Biographie

• Caracas  • New York  • Hollywood • Valencia • Münster

Juan Carlos Sabater wurde am 2. April 1958 in Venezuela geboren. Als fünfter von insgesamt sieben Kindern wächst er ganz normal in der venezolanischen Mittelschicht der Hauptstadt Caracas auf. Die Familie gilt als sehr musikalisch und von klein auf an gehören Piano, Gitarre und „Cuatro“ zum Alltag. Miteinander lernen sie per Gehör das Musizieren mit verschiedenen Instrumenten. Seine erste Gitarre erhält Juan mit 12. Er erlernt zunächst das Schlagzeug, aber aufgrund der Situation in der Band greift er später wieder zur Gitarre.

Mit 17 Jahren erlebt Juan Carlos sein erstes großes Abenteuer, er geht zum Austausch nach San Diego / Kalifornien in die USA. Nach seiner Rückkehr fängt er an das Studium am Konservatorium „Juan José Landaleta“ im Fach Gitarre an, arbeitet als Toningenieur im Tonstudio und bereitet seine Musikkarriere vor.

Ein paar Jahre später geht Juan Carlos nach New York, wo er Toningenieurwesen studiert. Nach seiner Rückkehr gründet er die Band „FUGA“ unter dem Label SONOGRAFICA und hat damit ein riesen Erfolg. Sie touren durch das ganze Land und bringen die Vinyl-Platte „FUGA“ 1984 auf den Markt.  Das erste in Venezuela ausgestrahlte Musikvideo ist die Single „Cuyagua“ aus dieser Platte.

Nach einigen Jahren verkauft er alles und gibt seinen Job auf, um in die USA zu gehen und am „Musicians Institute „Guitar Institute of Technology“ (GIT) in Hollywood / Los Angeles zu studieren.

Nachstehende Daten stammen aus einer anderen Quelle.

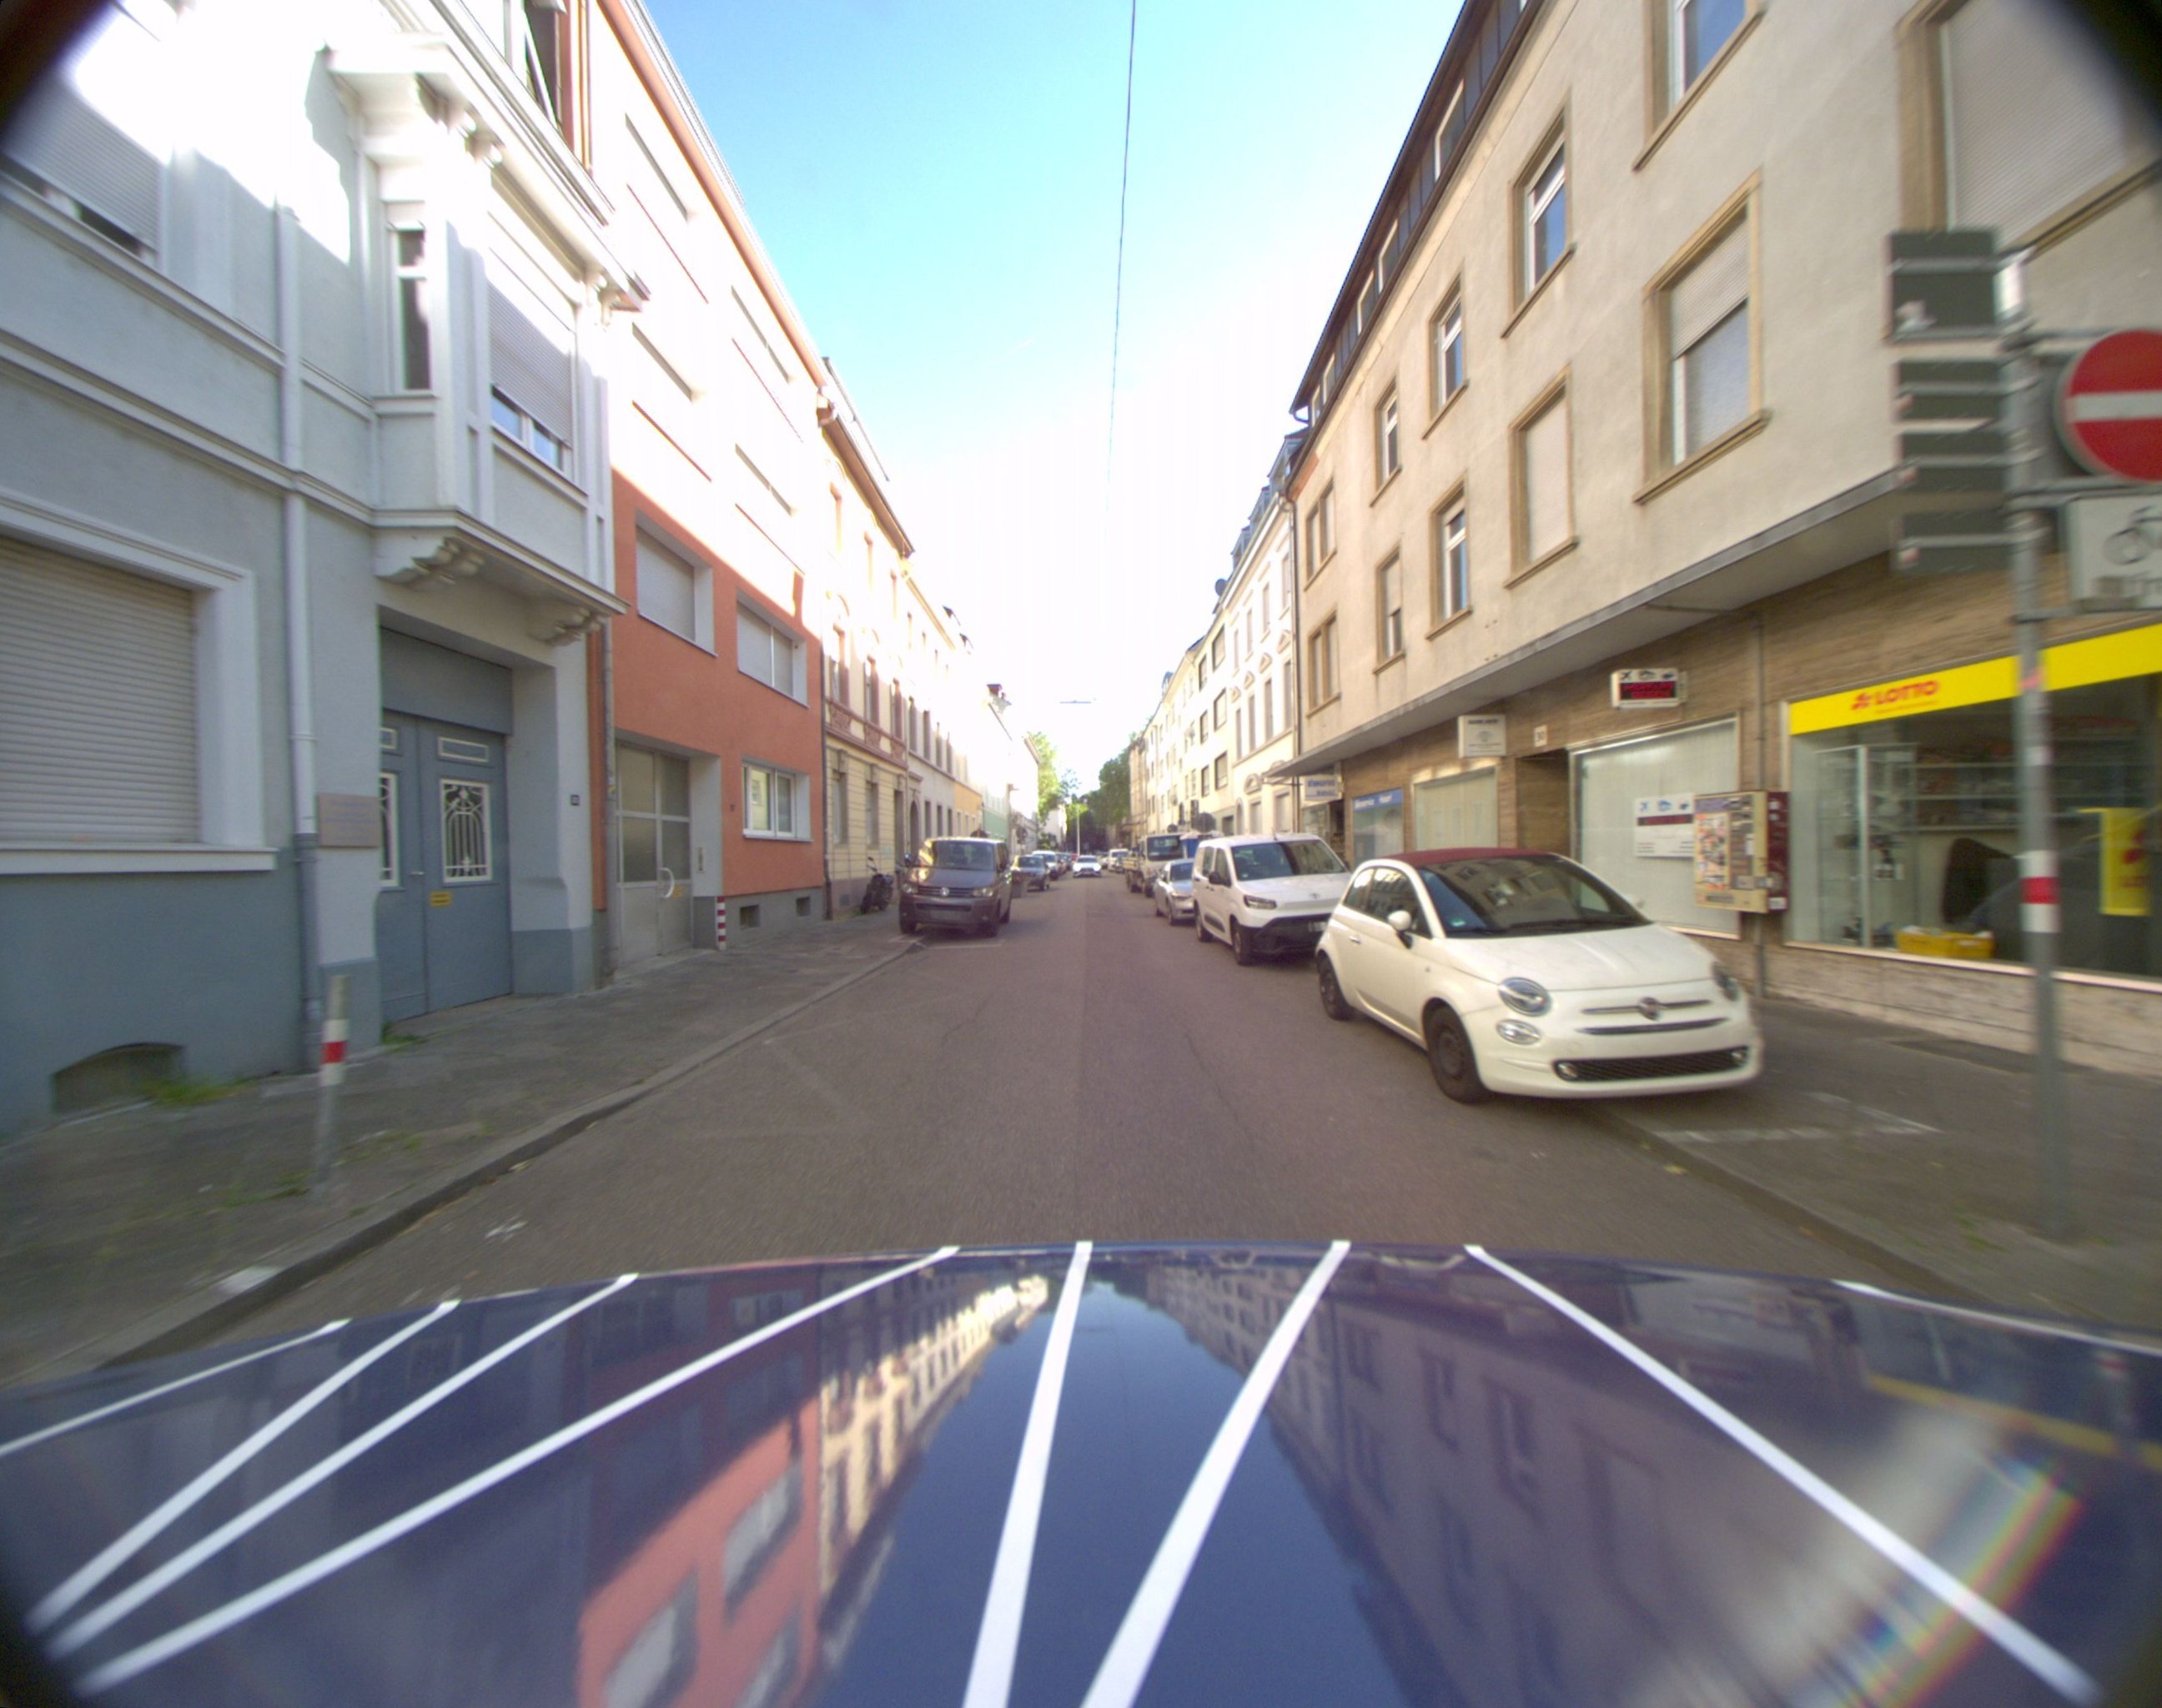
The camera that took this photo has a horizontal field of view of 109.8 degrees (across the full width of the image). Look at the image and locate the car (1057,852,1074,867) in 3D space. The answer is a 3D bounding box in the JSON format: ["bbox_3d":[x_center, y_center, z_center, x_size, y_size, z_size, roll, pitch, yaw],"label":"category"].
[{"bbox_3d":[-1.560,0.538,77.733,1.588,1.409,3.557,-1,1,1],"label":"car"}]

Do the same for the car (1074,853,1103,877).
[{"bbox_3d":[0.514,0.680,50.467,1.761,1.399,4.021,-1,1,1],"label":"car"}]

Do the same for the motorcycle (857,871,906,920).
[{"bbox_3d":[-5.056,1.023,19.415,0.638,1.038,2.362,-1,1,-1],"label":"motorcycle"}]

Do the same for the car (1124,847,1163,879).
[{"bbox_3d":[3.693,0.508,45.505,1.759,1.760,4.177,0,1,-4],"label":"car"}]

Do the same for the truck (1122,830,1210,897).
[{"bbox_3d":[3.076,0.252,29.164,2.171,2.296,6.344,0,1,-5],"label":"truck"}]

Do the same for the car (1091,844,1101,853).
[{"bbox_3d":[2.994,-1.206,156.086,1.985,1.674,4.021,-1,1,1],"label":"car"}]

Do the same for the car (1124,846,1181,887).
[{"bbox_3d":[3.435,0.532,37.459,1.918,1.871,5.182,1,1,-4],"label":"car"}]

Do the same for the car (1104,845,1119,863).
[{"bbox_3d":[3.475,0.006,86.753,1.585,1.971,4.067,-1,1,1],"label":"car"}]

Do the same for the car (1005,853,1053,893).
[{"bbox_3d":[-2.257,0.790,34.010,1.744,1.534,4.050,-1,1,1],"label":"car"}]

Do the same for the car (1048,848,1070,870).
[{"bbox_3d":[-1.793,0.377,62.087,1.604,1.772,3.759,-1,1,1],"label":"car"}]

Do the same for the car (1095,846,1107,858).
[{"bbox_3d":[3.049,-0.270,116.400,1.786,1.674,4.021,-1,1,1],"label":"car"}]

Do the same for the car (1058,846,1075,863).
[{"bbox_3d":[-1.652,0.057,89.087,1.786,1.867,4.021,-1,1,1],"label":"car"}]

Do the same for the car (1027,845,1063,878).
[{"bbox_3d":[-2.206,0.431,47.113,1.898,1.875,4.457,-1,1,1],"label":"car"}]

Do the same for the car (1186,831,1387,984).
[{"bbox_3d":[2.874,0.648,11.803,1.771,1.888,4.808,0,0,-1],"label":"car"}]

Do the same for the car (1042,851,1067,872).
[{"bbox_3d":[-1.938,0.531,56.392,1.578,1.460,3.869,-1,-1,1],"label":"car"}]

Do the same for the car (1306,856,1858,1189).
[{"bbox_3d":[3.006,0.840,5.586,1.671,1.551,3.722,-1,1,2],"label":"car"}]

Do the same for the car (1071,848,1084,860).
[{"bbox_3d":[-0.467,0.042,110.176,1.857,1.620,4.072,-1,1,1],"label":"car"}]

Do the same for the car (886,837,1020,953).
[{"bbox_3d":[-2.537,0.726,16.337,1.975,2.017,4.898,-3,1,0],"label":"car"}]

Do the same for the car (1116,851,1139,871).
[{"bbox_3d":[3.679,0.515,60.555,1.730,1.484,4.115,-2,0,2],"label":"car"}]

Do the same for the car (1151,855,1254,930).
[{"bbox_3d":[2.698,0.793,17.809,1.669,1.514,4.488,0,0,0],"label":"car"}]

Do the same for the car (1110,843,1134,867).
[{"bbox_3d":[3.547,0.050,67.055,1.913,2.076,4.696,-1,1,1],"label":"car"}]

Juan Carlos kehr nach zwei Jahren mit absolviertem Studium als „Outstanding Student oft he Year with Honors“ zurück.

Zusammen mit einem alten Freund, Carlos Spósito, nahmen sie das Studioprojekt „15 y Último“ auf und bringen eine LP „15 y Último“ 1989 heraus. Danach arbeitet er als Solo-Künstler und gründet „Juan Carlos Sabater & Band“ mit denen er sich einen Namen macht.

1993 ist es dann soweit, Juan Carlos Sabater & Band bringen die erste CD „ Mensaje de un Sueño“ heraus, die dem ersten Sohn Jonathan gewidmet wird. Sein Bekanntheitsgrad verschafft Juan Carlos Sabater 1996 dann den nächsten großen Meilenstein. Er soll mit seiner Band der jungen durchstartenden Shakira bei den Fernsehsendungen von „Sabado Sensacional“ unter die Arme greifen. Es kommt zu einer guten Zusammenarbeit beiderseits. 1997, zusammen mit der Geburt seines zweiten Sohnes, erscheint die nächste CD „Una Vez Mas“.

Venezuelas politische Situation verschlimmert sich in den nächsten Jahren drastisch und es kommt zu einer sozialistischen Revolution. Die neuen Reformen erschweren das Leben und die Sicherheit. Ein Bürgerkrieg droht auszubrechen.

Kurze Zeit später wird Juan Carlos überfallen, Auto und die geliebte Gitarre, die er sich als „ best Student oft he Year“ verdient hatte, waren weg. Als die Situation nicht mehr schlimmer werden konnte, flüchtet Juan Carlos Sabater mit seiner deutschstämmigen Frau und den Kindern nach Deutschland. Die ersten Jahre sind für Juan Carlos schwer. Bald fängt er aber an bei Musik Produktiv Gitarren zu verkaufen. Zusätzlich setzt er sich auf dem schwierigen Markt der Musik durch, gründet erste Bands und knüpft Kontakte.

2013 gründet er erneut die Juan Carlos Sabater & Band, die musikalisch nun mehr einen Latin, Bossa Nova, und Reggaelastigen Pop verspricht und mit spanischen Texten für eine neue sehr interessante Kombination sorgt.

Heutzutage widmet sich Juan Carlos Sabater seiner Musik und gibt Gitarrenunterricht an der Musikschule in Dülmen und Haltern am See. Auch privat gibt Juan Carlos mit seinen „Masterclasses“ Schülern und Studenten die Magie der Gitarre weiter. Die nächste CD ist im hauseigenen Studio und Plattenlabel „JSRecords“ seiner Söhne in Planung.